*RECORDS PROVIDED:*
######

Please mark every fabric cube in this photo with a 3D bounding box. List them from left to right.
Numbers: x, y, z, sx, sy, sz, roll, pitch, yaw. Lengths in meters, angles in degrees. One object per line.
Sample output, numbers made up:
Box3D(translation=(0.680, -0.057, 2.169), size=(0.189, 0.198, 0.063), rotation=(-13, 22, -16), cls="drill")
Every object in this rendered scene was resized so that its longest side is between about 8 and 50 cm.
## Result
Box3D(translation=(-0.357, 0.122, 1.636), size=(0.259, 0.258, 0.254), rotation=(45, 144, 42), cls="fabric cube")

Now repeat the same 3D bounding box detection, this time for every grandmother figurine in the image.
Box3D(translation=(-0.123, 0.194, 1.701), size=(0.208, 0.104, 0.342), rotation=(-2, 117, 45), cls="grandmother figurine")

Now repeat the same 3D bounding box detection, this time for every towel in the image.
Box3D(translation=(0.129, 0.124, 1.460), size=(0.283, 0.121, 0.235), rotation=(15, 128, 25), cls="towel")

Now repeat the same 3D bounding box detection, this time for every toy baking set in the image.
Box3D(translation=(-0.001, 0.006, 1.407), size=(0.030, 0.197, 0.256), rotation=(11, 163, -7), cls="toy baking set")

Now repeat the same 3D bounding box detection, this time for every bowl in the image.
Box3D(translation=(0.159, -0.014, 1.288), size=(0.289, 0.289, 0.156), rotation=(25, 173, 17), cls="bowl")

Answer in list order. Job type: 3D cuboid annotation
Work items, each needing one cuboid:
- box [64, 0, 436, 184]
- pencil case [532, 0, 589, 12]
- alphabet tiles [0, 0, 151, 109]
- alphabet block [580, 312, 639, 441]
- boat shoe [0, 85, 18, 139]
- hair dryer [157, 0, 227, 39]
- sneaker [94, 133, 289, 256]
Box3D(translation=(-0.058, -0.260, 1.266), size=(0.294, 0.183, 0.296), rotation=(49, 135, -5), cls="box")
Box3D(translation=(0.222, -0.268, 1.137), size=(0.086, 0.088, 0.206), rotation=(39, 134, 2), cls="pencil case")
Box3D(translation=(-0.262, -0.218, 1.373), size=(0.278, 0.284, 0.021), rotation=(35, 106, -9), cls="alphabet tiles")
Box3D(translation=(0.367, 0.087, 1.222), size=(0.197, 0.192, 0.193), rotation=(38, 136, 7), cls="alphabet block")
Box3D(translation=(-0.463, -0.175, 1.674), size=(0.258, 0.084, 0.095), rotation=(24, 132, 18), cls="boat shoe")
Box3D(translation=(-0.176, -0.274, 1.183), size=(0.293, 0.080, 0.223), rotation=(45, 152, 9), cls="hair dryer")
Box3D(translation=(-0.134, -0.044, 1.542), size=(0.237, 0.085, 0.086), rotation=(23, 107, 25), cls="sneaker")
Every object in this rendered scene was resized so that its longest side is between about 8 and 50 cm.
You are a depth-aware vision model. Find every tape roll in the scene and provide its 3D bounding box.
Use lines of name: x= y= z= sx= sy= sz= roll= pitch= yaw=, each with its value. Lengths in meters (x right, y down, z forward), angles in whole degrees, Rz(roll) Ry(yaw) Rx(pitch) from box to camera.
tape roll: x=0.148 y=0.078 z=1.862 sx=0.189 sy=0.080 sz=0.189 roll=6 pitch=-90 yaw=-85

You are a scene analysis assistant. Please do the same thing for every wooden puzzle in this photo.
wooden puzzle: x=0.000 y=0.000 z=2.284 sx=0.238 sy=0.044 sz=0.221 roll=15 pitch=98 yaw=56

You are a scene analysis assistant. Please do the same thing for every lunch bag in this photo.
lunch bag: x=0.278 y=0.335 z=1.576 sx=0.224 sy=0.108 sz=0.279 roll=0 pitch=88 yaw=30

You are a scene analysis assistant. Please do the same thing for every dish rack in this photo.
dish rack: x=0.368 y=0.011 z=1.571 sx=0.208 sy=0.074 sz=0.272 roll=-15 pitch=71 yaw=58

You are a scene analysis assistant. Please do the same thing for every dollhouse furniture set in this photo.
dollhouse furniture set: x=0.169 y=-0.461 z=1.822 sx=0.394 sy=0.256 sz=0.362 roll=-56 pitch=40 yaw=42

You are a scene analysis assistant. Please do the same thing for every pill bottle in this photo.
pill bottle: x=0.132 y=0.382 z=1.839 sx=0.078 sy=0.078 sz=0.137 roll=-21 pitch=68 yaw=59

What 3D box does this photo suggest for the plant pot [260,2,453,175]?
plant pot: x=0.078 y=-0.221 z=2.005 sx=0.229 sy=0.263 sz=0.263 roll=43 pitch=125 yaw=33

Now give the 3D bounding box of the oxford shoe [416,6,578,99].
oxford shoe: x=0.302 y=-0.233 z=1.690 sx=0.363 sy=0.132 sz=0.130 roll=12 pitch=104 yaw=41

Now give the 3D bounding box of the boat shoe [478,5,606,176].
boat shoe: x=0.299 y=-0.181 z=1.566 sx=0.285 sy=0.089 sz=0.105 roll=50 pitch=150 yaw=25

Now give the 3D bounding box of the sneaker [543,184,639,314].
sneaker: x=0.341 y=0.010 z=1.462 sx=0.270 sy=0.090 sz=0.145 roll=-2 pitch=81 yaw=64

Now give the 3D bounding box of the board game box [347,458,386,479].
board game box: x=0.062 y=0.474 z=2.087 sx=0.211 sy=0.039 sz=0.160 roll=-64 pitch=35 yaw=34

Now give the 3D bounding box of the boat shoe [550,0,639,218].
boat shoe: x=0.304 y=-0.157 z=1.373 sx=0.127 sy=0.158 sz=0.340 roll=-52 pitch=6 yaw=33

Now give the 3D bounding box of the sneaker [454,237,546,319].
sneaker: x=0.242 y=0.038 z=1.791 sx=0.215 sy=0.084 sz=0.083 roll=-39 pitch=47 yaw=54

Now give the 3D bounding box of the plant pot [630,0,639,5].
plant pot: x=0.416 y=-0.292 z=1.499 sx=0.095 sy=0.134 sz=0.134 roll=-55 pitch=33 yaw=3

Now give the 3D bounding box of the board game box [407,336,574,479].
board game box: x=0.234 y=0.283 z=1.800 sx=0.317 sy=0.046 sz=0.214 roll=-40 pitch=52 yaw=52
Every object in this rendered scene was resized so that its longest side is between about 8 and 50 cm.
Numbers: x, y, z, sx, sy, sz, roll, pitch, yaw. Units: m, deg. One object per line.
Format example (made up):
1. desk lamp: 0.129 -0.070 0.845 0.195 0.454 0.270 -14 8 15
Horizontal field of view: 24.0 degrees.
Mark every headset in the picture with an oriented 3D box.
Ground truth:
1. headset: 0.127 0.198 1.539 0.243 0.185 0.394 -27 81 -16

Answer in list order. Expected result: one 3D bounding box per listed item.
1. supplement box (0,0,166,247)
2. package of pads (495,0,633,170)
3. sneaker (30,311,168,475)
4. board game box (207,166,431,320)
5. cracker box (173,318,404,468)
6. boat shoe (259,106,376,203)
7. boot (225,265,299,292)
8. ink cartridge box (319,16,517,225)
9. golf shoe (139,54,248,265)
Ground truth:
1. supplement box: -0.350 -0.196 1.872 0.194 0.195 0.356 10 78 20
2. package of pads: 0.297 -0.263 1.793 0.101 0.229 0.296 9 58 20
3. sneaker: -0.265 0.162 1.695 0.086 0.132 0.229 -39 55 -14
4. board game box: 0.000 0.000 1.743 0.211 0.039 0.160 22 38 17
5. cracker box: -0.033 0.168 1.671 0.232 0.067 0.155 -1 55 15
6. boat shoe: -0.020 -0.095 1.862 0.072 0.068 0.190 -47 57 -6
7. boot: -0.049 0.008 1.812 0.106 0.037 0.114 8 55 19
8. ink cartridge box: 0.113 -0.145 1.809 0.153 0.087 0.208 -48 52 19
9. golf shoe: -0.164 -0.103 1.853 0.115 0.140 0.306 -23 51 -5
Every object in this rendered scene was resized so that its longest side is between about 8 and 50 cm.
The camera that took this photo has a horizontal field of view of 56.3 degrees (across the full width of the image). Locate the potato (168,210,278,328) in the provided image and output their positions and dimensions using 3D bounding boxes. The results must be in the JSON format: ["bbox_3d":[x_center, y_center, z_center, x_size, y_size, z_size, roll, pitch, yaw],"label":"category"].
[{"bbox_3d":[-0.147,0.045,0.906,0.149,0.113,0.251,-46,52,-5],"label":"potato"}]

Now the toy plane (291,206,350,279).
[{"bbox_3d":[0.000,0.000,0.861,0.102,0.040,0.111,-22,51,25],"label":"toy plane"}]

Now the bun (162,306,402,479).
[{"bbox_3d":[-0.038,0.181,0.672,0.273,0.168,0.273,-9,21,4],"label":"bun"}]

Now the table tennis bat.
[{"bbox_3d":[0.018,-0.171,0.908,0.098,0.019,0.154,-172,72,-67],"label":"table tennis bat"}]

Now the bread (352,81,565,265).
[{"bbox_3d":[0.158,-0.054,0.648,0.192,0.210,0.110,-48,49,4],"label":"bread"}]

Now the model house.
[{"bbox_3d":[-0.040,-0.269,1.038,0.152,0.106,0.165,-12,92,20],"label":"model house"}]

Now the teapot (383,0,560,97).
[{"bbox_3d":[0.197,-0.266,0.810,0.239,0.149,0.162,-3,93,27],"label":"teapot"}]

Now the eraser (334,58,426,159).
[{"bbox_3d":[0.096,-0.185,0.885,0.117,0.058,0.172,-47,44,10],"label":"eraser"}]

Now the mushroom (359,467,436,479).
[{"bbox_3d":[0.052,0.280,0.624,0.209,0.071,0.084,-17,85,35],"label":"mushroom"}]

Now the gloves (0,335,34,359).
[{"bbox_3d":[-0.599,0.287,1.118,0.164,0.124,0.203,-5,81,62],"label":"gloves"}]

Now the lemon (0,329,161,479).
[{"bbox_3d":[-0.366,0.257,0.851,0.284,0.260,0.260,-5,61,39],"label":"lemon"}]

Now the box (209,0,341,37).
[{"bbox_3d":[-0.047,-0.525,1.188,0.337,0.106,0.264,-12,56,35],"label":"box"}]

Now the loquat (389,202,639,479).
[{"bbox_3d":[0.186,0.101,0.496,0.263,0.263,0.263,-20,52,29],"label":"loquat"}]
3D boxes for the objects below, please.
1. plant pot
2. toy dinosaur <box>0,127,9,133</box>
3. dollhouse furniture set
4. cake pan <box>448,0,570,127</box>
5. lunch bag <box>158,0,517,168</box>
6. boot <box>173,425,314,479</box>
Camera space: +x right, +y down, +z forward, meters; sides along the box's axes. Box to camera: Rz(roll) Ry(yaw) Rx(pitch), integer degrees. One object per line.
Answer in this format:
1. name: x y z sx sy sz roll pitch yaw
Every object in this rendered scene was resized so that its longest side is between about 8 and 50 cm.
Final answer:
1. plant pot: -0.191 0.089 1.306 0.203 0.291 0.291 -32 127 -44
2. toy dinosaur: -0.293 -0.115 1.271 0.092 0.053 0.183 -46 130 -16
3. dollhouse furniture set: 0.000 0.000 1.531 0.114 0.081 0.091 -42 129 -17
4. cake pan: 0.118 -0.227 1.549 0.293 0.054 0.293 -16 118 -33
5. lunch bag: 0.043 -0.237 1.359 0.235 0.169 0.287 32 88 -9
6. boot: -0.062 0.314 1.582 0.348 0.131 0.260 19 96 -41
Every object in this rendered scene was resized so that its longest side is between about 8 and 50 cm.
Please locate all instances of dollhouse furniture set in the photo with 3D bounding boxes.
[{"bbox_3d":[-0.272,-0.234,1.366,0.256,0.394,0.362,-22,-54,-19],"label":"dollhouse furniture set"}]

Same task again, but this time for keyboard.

######

*ASSIGNED TASK:* Write out only the lines that run from the line containing "game box [407,336,574,479]." through the line containing "6. boat shoe (259,106,376,203)", both included, exactly as they appear above.

*OUTPUT FOR THIS TASK:*
Now give the 3D bounding box of the board game box [407,336,574,479].
board game box: x=0.234 y=0.283 z=1.800 sx=0.317 sy=0.046 sz=0.214 roll=-40 pitch=52 yaw=52
Every object in this rendered scene was resized so that its longest side is between about 8 and 50 cm.
Numbers: x, y, z, sx, sy, sz, roll, pitch, yaw. Units: m, deg. One object per line.
Format example (made up):
1. desk lamp: 0.129 -0.070 0.845 0.195 0.454 0.270 -14 8 15
Horizontal field of view: 24.0 degrees.
Mark every headset in the picture with an oriented 3D box.
Ground truth:
1. headset: 0.127 0.198 1.539 0.243 0.185 0.394 -27 81 -16

Answer in list order. Expected result: one 3D bounding box per listed item.
1. supplement box (0,0,166,247)
2. package of pads (495,0,633,170)
3. sneaker (30,311,168,475)
4. board game box (207,166,431,320)
5. cracker box (173,318,404,468)
6. boat shoe (259,106,376,203)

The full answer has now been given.